A fundamentally different paradigm than all other packages listed in this post, ink allows developers to define React components that are then rendered for the terminal. Instead of having to format and print individual strings of text output, ink allows users to define reactive XML components that are repeatedly re-drawn in the user’s terminal. The expressive interface lets developers define multi-line terminal animations that would otherwise be extremely complex and brittle.

Out of all the packages in this list, I find this one to be the most astonishing. The concept and the execution of this package are wildly impressive. This package redefines what is possible with terminal output and a CLI user’s experience.

📦 vorpal

Most CLI apps follow the same execution model: a user runs a terminal command which spawns a process that then parses the provided arguments and options, executes some action, and then closes.
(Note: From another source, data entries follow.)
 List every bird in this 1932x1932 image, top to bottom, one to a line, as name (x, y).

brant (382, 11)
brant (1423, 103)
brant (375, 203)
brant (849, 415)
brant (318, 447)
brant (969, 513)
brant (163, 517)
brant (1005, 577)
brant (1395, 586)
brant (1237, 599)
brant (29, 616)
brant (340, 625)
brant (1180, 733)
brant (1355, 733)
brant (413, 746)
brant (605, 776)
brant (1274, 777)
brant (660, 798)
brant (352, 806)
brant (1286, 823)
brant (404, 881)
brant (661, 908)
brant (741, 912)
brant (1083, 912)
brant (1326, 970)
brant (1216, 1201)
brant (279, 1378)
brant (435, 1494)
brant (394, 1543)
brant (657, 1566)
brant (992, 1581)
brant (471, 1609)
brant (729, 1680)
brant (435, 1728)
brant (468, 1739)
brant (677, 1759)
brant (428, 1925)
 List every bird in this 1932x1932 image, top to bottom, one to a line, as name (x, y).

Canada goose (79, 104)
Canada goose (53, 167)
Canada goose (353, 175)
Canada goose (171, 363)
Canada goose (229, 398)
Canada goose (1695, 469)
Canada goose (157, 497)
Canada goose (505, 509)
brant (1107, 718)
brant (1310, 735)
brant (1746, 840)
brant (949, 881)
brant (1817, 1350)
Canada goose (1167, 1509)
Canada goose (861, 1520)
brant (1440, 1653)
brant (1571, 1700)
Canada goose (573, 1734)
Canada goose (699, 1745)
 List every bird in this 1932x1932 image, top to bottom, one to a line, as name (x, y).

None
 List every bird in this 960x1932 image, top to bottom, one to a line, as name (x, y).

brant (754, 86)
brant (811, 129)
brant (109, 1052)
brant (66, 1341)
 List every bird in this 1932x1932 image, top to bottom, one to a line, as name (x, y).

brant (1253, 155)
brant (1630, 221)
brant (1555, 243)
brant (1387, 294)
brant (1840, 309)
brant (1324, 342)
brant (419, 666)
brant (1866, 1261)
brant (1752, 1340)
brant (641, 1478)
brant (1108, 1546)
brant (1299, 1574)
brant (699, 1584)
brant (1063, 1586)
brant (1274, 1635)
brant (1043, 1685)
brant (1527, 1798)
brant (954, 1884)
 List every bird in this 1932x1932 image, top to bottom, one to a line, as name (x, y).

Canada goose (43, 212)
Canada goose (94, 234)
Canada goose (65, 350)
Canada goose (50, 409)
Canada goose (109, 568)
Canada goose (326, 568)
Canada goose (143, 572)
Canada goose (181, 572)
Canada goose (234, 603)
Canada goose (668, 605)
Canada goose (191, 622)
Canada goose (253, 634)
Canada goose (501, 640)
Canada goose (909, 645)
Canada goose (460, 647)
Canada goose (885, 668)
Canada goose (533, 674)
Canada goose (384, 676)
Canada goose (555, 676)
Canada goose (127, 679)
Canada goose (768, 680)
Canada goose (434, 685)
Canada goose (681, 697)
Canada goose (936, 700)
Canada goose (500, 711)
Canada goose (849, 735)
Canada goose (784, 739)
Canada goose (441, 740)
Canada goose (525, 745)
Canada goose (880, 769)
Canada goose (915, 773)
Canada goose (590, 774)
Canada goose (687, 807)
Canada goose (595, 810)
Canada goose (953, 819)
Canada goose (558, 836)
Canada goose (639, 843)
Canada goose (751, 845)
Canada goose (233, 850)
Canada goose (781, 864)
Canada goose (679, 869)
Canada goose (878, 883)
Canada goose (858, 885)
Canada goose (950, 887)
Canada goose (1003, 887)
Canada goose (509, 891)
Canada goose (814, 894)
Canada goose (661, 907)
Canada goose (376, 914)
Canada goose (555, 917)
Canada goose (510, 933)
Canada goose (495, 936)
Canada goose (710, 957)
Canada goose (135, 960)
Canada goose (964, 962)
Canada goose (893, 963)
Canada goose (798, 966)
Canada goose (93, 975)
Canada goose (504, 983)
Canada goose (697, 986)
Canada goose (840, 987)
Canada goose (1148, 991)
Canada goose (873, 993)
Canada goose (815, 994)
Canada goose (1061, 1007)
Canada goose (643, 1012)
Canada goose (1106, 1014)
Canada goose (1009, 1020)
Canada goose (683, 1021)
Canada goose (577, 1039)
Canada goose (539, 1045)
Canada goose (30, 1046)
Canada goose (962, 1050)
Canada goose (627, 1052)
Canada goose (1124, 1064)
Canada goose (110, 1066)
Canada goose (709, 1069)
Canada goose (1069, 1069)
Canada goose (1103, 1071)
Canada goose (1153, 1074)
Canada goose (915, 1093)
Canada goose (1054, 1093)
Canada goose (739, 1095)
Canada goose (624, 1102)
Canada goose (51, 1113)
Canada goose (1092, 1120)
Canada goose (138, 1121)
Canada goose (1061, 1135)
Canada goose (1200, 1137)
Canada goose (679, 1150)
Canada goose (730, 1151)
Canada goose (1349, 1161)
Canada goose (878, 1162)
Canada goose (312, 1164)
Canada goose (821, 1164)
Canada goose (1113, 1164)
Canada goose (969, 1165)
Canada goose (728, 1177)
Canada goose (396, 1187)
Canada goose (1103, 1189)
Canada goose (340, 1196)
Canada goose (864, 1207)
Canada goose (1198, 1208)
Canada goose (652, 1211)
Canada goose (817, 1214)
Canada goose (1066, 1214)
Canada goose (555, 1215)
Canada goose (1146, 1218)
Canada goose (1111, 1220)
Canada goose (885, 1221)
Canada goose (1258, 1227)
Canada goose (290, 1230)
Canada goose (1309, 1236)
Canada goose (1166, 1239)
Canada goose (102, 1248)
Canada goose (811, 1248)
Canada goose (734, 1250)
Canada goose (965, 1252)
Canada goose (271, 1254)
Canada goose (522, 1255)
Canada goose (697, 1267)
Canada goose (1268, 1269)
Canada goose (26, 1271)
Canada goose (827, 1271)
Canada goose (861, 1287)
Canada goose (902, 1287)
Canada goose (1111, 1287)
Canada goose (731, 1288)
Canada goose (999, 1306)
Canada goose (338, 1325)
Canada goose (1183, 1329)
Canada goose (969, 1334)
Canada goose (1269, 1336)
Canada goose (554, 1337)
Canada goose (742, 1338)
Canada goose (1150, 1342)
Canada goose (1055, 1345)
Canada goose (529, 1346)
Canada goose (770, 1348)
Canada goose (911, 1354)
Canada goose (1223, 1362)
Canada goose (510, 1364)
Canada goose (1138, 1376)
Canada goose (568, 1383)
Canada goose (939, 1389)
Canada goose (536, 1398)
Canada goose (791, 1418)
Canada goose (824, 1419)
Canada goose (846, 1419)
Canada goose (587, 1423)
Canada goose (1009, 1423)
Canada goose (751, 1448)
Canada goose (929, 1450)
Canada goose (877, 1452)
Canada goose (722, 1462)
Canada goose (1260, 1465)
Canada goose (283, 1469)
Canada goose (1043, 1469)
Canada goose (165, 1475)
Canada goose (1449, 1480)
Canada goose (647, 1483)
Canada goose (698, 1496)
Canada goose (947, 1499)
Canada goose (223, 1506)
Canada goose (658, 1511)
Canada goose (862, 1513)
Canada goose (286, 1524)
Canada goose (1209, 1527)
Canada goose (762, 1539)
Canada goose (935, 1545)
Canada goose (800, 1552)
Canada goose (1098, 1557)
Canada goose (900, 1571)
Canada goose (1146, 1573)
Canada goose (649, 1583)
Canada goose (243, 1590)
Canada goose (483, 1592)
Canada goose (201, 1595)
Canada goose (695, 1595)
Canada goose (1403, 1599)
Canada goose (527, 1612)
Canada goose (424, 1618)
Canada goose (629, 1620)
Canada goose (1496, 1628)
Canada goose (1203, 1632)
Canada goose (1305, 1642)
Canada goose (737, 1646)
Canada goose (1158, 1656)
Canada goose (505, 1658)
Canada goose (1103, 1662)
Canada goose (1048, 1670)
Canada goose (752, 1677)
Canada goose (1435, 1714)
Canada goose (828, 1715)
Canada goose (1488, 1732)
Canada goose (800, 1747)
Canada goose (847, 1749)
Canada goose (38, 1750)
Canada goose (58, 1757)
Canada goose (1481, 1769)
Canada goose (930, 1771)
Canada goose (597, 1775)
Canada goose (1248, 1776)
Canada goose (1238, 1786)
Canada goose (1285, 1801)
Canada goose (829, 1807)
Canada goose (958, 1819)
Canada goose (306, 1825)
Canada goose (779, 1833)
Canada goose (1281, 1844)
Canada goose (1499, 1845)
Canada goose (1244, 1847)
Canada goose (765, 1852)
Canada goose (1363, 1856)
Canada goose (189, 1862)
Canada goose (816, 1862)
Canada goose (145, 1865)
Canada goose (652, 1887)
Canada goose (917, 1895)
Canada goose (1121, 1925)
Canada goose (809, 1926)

The vorpal package takes a very different approach, styling its method as “immersive”. When a vorpal application is run, its process opens a new sub-terminal that allows users to input further application-specific commands. This kind of application can be viewed not as a set of isolated commands, but an entire implementation of a shell. An entirely new set of possibilities emerge with this new paradigm. Variables set by previous commands can be accessed by subsequent calls. Applications can support autocompleting commands. Users can pipe commands together. The code for defining sub-commands uses the same style of “fluent” interface of commander and others, which comes with the same set of drawbacks.

While this approach is novel, it has failed to see significant usage and development. The vorpal project was abandoned in 2018. An effort to fork and “reforge” it was also abandoned in 2019. The cliffy package appears to be inspired by vorpal and is under somewhat active development, but is even less mature and has seen little adoption.

Today, vorpal is more of an inspiration for a future “immersive” CLI package rather than a viable option for new applications.